「判官さん」


しゃくを持って構えたまま、岩にのっていた。
仄矢が呼ぶと、顔だけこっちに向けた。

「あら、さっきの……取材はどうでした?」


「いい写真が撮れました。特に林の中が綺麗で、たくさん撮りましたよ」


「林……入ったのですか?」


「はい……あの、入ってはいけない場所でしたか?」


「林は、ちょっと危ないの。猛獣がいるという噂が流れてるから……」


仄矢の目をじっと見て言った。


「そうだったんですか……。無事に帰ってこれてよかった。もうあそこには行きません」


「本当は案内とかしたいんだけど、ハデス様や閻魔様がいないから忙しいの」


「えっ、ハデス様、まだ戻られていないのですか!?」


「ええ。会議が長引いているのかしら……。だから、代わりにミルフィさんが今の冥府を治めているのです。私もその影響で、死者を裁く役目に就くことに……」


仄矢は、ありがとうございます、とお辞儀してから速足で去っていく。
私たちが追い付いてすぐ、絶対に空操禁書が関わっていると言った。


「会議はもうとっくに終わっています。きっと、帰りに何かが起きたのです。氷裁智さんにも聞きにいきましょう!」


氷裁智さんがどこにいるかわからない。仄矢はわかるの!?
走り出した仄矢を追いかけると、死者を裁いている氷裁智さんのところにきた。


「氷裁智さん、少々お時間いただけますでしょうか?」


「ええ。この人が終われば休憩時間に入るから、待っていてください」


横目で見た後、痩せた男の人を問い詰める。
判決を下した後、立ち上がる。


「で、用件は何ですか?」


「会議の後、お戻りになられていない方がいて、代わりにミルフィさんが冥府を治めていると聞きました。その事について何か知っていることは……」


「あなた、実は天使でしょう?まさか天界にもこのことが伝わってないの?」


氷裁智さんは仄矢の言葉を遮った。
天使だと気付かれてしまったけど、どうするんだろう?私は氷裁智さんが協力者の可能性もあるし、言わない方がいいと思った。
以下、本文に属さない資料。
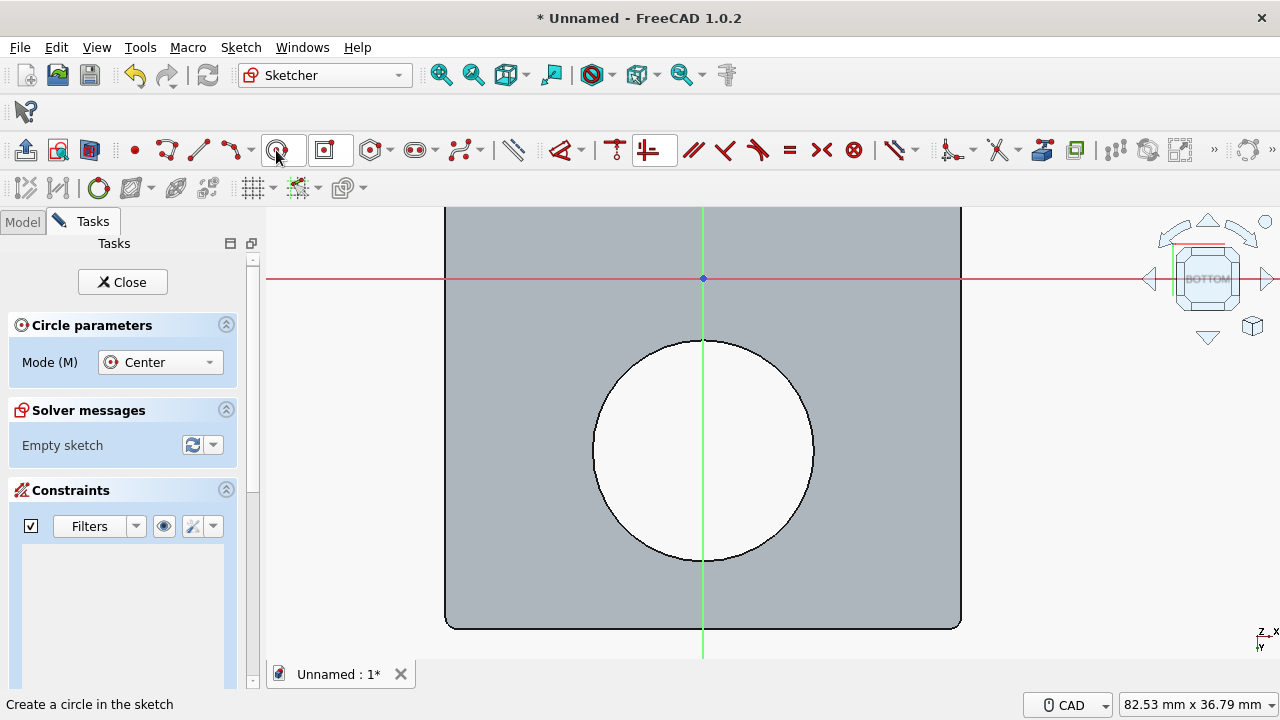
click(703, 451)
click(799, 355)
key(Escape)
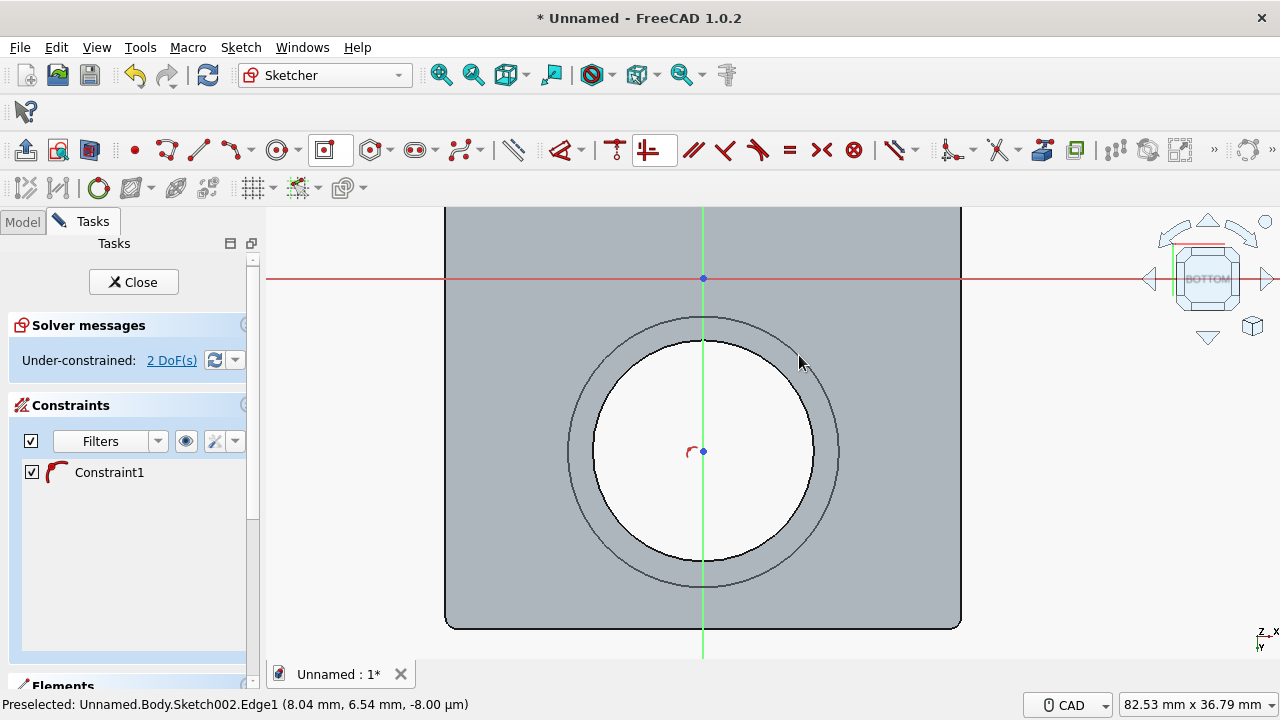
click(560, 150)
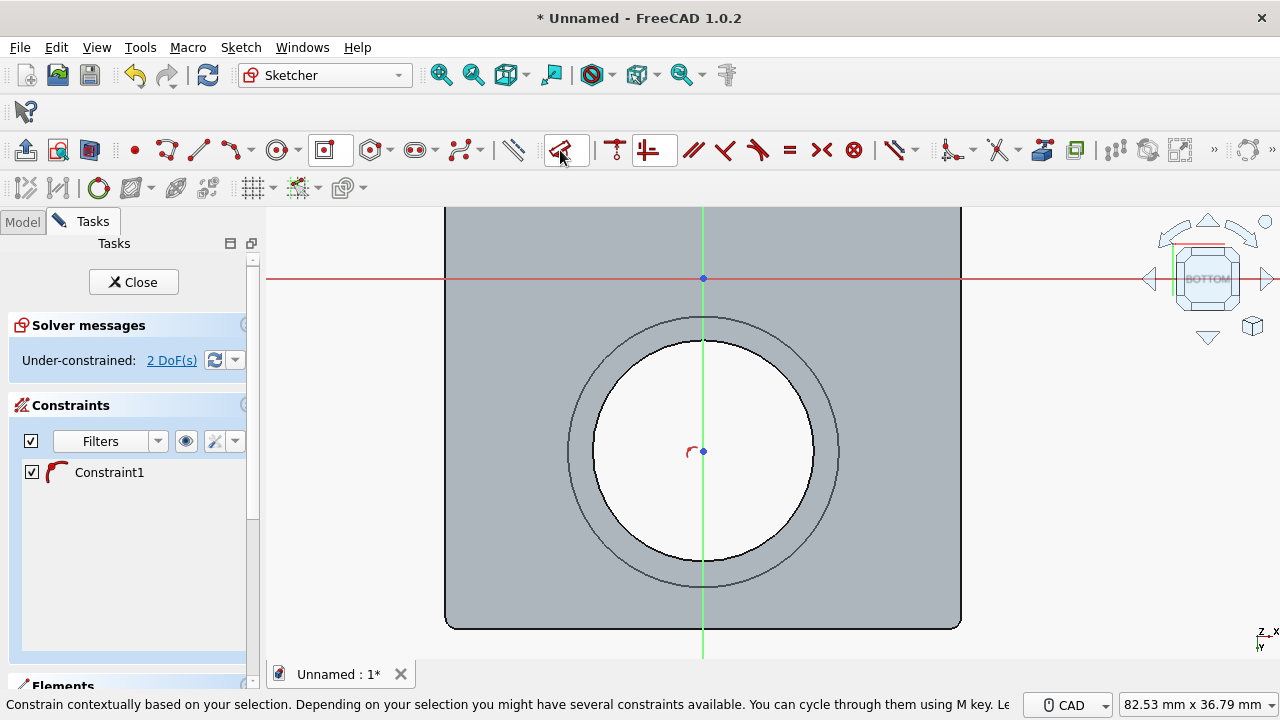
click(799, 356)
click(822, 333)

「……はい。冥府にいる、空操禁書の協力者を見つけ出し、魔力源を絶てと命じられています。まだお戻りになられていないという情報は、天界に届いていません」


「このことを知らせるため、冥府は遣いを送った。……まだ着いていないということか。途中の道に何かあるな」


天界と冥府の間に空操禁書がいる。
冥府を治めるくらいの力を持っていても止めるくらいだから、とても強力なんだろう。
私はぞっとした。魔力源を壊せば弱体化するかな?


「空操禁書の協力者か。怪しい人物がいます。あなたは気付いていらっしゃるかもしれませんが」


しゃくで口が隠れているからか、目に注目してしまう。
氷裁智さんったら視線で仄矢を刺してしまいそうだ。


「はい、あの人でしょう。ですが決定的な証拠はまだ見つかっていません。引き続き捜査します」


「そう。明日の午前九時に、また話し合いましょう」


服の裾を揺らし、氷裁智さんは去っていった。


「みなさん疲れたでしょう。戻って休みましょうか」


疲れたので返事することもなく、とぼとぼと歩く。
早く部屋に戻って足を休めたい。